Was there any specific intention behind making every photograph black and white?

Black and white photography is just the way I shoot. I think shooting with color is beautiful, I just personally don’t enjoy it. There’s a truth to black and white photography that I haven’t been able to find with color photography in terms of my own personal work. It forces you to focus on the subject. I like the directness.

An NYPD officer stares directly into the camera
Photo by Fatima Julien.

Is there a future for this photo series?

I have so many more [photos] but I was like, I’m tired of spamming Instagram. It felt weird posting them all with everything going on. I didn’t want it to become about me, per se, because I found myself refreshing, checking to see how many likes they got. I think for now I am not going to post my pictures, but instead I will repost the pictures, for example, of the cops who murdered Breonna Taylor. I think the whole point is, as opposed to having Black people’s faces splattered everywhere potentially putting us in danger, I rather it be the other way around, like we splatter their faces around, and we show who the bad guys are. A lot of times history forgets to immortalize the bad guys. We do immortalize the good guys but that also places us in a spot of vulnerability.

Why did you start creating art?

I think photography, specifically, it was mostly anxiety. Because my anxiety is so crazy, it’s all about figuring out ways to have control over my environment, that way I don’t feel like I am going insane all the time. So basically my photography was a way to kinda like take a picture, and then spending time and editing it. It was a way of calming down. It was soothing. It was more like me having agency over the things around me as opposed to the things around me having agency over me. I started taking pictures because of that.
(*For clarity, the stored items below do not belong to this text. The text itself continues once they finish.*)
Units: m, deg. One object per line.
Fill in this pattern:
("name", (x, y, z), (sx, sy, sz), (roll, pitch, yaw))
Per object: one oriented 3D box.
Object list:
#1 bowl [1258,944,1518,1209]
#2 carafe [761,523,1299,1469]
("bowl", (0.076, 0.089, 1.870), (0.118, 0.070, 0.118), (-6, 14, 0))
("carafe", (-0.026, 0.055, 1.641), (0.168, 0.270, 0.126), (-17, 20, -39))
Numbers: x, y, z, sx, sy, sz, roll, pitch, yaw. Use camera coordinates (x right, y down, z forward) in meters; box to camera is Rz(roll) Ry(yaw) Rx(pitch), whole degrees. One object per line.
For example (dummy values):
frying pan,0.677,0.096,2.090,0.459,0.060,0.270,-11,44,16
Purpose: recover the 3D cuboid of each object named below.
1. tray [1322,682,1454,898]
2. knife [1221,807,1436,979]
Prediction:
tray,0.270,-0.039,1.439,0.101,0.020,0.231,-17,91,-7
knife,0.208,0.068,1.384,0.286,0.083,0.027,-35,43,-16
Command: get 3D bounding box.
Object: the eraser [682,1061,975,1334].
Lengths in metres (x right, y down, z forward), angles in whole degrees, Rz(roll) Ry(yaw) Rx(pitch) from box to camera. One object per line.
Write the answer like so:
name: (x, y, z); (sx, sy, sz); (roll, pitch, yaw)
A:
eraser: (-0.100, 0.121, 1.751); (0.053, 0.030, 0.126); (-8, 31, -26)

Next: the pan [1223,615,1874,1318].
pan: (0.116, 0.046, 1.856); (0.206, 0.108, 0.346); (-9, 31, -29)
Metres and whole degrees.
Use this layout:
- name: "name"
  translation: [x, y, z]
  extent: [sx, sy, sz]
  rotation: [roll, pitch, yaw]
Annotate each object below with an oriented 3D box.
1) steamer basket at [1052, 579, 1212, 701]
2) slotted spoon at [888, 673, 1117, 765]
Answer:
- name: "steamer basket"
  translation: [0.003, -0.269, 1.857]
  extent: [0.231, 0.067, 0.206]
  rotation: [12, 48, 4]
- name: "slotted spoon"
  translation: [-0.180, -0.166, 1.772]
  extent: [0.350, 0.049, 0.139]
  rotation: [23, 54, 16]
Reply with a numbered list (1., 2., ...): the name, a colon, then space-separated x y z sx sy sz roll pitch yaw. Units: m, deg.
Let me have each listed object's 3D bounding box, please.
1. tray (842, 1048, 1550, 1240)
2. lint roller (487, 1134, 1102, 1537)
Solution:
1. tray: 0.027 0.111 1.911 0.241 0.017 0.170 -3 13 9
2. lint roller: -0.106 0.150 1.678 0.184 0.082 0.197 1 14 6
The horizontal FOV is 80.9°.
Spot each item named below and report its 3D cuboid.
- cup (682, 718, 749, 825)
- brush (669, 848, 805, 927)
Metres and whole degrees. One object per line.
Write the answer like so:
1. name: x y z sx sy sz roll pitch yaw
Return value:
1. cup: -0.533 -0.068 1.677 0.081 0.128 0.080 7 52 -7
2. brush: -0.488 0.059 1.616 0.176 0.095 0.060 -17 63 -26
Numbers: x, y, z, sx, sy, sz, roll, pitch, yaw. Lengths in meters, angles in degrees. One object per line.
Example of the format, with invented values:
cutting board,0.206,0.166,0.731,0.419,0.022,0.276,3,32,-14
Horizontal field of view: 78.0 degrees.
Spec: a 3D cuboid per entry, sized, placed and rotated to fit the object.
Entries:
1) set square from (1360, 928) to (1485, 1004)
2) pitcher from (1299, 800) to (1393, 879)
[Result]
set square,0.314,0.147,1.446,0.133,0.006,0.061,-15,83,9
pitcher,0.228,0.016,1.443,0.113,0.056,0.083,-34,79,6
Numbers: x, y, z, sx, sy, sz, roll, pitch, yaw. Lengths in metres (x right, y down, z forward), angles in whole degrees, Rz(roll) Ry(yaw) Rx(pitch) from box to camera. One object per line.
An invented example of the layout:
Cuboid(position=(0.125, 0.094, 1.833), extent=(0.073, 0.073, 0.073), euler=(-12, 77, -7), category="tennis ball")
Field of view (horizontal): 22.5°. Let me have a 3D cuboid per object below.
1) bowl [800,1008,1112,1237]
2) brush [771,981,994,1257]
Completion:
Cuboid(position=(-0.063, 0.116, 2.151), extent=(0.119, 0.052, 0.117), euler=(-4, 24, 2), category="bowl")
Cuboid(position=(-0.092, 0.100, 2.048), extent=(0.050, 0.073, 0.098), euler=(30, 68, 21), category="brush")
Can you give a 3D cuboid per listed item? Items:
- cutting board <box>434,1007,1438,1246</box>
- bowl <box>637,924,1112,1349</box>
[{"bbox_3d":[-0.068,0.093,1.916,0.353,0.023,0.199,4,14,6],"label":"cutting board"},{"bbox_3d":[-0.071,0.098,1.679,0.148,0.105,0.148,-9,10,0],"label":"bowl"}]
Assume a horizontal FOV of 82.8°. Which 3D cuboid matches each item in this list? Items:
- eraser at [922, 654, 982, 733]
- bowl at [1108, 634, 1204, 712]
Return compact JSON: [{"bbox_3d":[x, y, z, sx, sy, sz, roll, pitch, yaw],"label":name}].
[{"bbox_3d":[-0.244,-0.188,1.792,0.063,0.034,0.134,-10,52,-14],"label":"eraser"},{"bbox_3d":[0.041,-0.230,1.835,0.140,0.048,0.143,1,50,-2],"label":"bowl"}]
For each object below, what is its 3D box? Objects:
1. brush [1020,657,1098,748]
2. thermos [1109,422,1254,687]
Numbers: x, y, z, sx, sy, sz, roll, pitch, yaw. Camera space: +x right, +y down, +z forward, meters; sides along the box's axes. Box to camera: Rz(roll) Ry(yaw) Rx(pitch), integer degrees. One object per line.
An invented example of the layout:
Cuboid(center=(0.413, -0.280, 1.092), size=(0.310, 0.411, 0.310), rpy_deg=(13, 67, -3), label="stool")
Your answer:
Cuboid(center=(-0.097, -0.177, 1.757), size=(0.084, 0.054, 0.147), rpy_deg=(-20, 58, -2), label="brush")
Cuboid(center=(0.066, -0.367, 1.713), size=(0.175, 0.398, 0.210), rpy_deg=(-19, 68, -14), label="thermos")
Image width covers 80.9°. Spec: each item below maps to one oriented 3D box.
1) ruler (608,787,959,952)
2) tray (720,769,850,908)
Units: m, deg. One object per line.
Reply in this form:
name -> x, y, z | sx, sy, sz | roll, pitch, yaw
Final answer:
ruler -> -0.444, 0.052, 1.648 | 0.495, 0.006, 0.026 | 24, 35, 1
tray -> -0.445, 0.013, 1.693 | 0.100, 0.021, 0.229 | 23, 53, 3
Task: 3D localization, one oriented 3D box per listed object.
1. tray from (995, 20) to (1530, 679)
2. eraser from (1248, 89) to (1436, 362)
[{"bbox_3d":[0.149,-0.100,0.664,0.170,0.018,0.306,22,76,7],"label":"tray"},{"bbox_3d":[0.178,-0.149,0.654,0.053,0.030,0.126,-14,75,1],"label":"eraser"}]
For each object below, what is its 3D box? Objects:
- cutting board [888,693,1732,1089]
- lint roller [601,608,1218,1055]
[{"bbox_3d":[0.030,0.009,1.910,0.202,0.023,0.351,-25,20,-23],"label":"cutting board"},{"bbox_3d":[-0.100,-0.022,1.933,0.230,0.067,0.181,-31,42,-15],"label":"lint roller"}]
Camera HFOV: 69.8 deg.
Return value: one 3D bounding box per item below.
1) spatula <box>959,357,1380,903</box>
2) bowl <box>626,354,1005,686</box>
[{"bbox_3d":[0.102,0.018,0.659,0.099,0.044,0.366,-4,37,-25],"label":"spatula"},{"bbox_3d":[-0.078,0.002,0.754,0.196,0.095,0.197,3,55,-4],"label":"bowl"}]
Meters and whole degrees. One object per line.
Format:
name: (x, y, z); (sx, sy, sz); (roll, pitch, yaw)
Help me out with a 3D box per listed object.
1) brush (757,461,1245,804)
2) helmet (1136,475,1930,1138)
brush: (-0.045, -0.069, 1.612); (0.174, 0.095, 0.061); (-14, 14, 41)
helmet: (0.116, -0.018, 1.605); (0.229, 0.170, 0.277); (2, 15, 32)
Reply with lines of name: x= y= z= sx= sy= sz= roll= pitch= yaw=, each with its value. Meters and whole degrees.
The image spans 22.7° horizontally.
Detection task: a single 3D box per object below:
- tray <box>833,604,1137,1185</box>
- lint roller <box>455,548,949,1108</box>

How would you describe your artistic process?

So many accidents. I have an ongoing text message chain with myself where I will just wake up in the middle of the night and be like, “Oh, this is an idea I have,” like a movie idea or something that I want to write and I will just text it to myself. They’ll come to me in dreams. A lot of my academic pursuits also informed what I want to be doing. For my thesis, I was writing about Haitian Loas and Haitian Spirits and just how Haitian Voodoo worked. And a lot of my subsequent ideas in filmmaking and so on were informed by that. I do want it to be a bit more intentional I think. That is what I tried to focus on with the series Portraits of Pigs, I was trying to make it as intentional as possible.

A trio of NYPD officers with pig snouts stand in the street
Photo by Fatima Julien.

What role does art play in the revolution?

If we consider writing and all that other stuff art, like a lot of that has historically been written by white people. It has been written about us. It has been written about the oppressed. Pictures have been drawn of the oppressed. The Hatian Revolution, I think a lot of the paintings we have of it were drawn or painted by white people, which is mad weird because this was one of the instances where we were the victors, and that’s something that I never could wrap my head around. In terms of having agency over yourself, having agency over your body which is a very big part of the revolution; art plays a huge role in that sense.

We have to create our own narratives and we have to rebel against the narratives that were written for us. If everything is as a result of narrative, then we have to be able to take those narratives back and change them, or reimagine them in order for us to be able to move forward. With everyone being like, ‘But what are we going to do in the future? What’s going to happen when we do abolish the police?” You can’t necessarily imagine another world if you’re still stuck in it. So we need people that are actively re-imagining worlds. We need people that are actively working on destroying this world with their art. We need people that are actively contributing to alternate narratives as opposed to focusing on whatever [narratives] have been circulating now for centuries.